Today we refer to them generally as the Mound Builders. Many of these singular burial mounds can still be seen. For example, today we have presidential burial sites with magnificent enclosures, compared to a mausoleum where a great number of individuals that were of sufficient stature to afford a stone enclosure, and compared to the more common grave sites familiar to most cemeteries.

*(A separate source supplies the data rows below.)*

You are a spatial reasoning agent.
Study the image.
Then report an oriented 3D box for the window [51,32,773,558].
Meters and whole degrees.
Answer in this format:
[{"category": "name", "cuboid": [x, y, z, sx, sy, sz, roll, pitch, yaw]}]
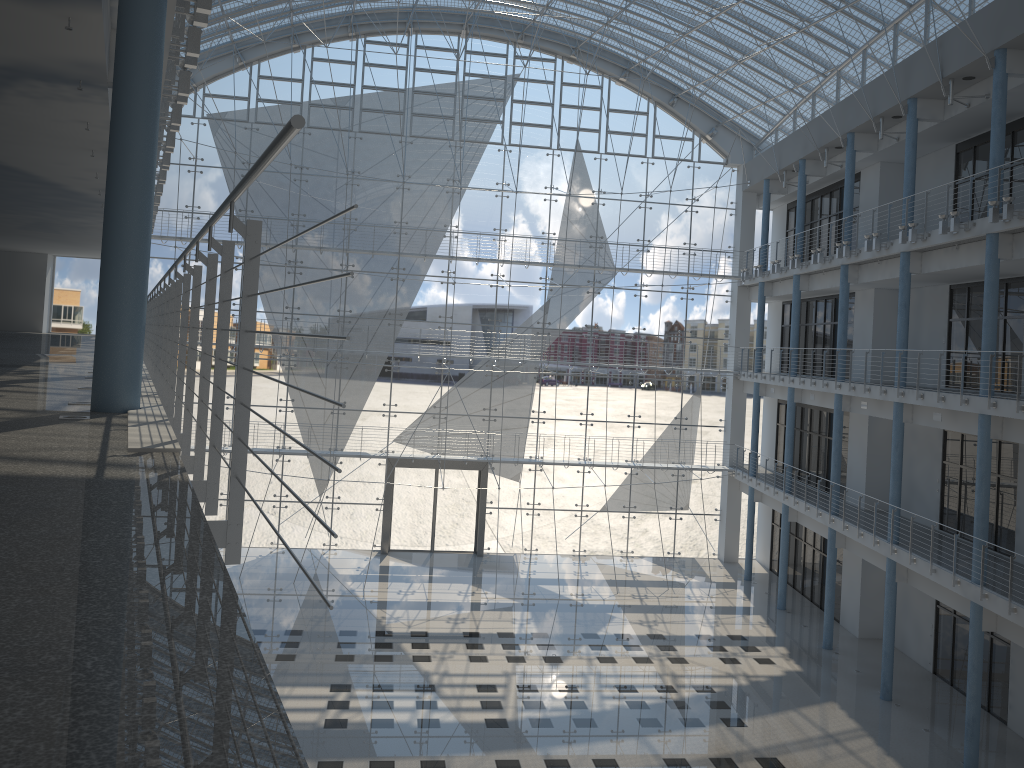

The various cultures collectively termed "Mound Builders" were inhabitants of North America who, during a 5,000-year period, constructed various styles of earthen mounds for religious, ceremonial, burial, and elite residential purposes. Some artifacts that were found in relation to the mounds were inscribed with symbols. Today a few of the artifacts recovered from a few of these sites are on display particularly at the Ohio History Connection in Columbus. Hence, the name Hopewell was given to this cultural group. [17][better source needed]. It had several regional variants including the Middle Mississippian culture of Cahokia, the South Appalachian Mississippian variant at Moundville and Etowah, the Plaquemine Mississippian variant in south Louisiana and Mississippi,[22] and the Caddoan Mississippian culture of northwestern Louisiana, eastern Texas, and southwestern Arkansas. For most part burial mounds found in the south were the same as those found in the north. As the Europeans did not know of any Native American cultures that had a writing system, they assumed a different group had created them.[36]. Artist’s representation of the “Adena Giant”, Prehistoric Mound Builders.
2012 excavations and dating by Thompson and Pluckhahn show that work began around 2600 BCE, seven centuries before the mound-builders in Ohio. The Pipe was found by Henry Mann in 1916. Since little violent conflict with Europeans had occurred in that area during that period, the most plausible explanation is that infectious diseases from the Old World, such as smallpox and influenza, had decimated most of the Native Americans who had comprised the last mound-builder civilization.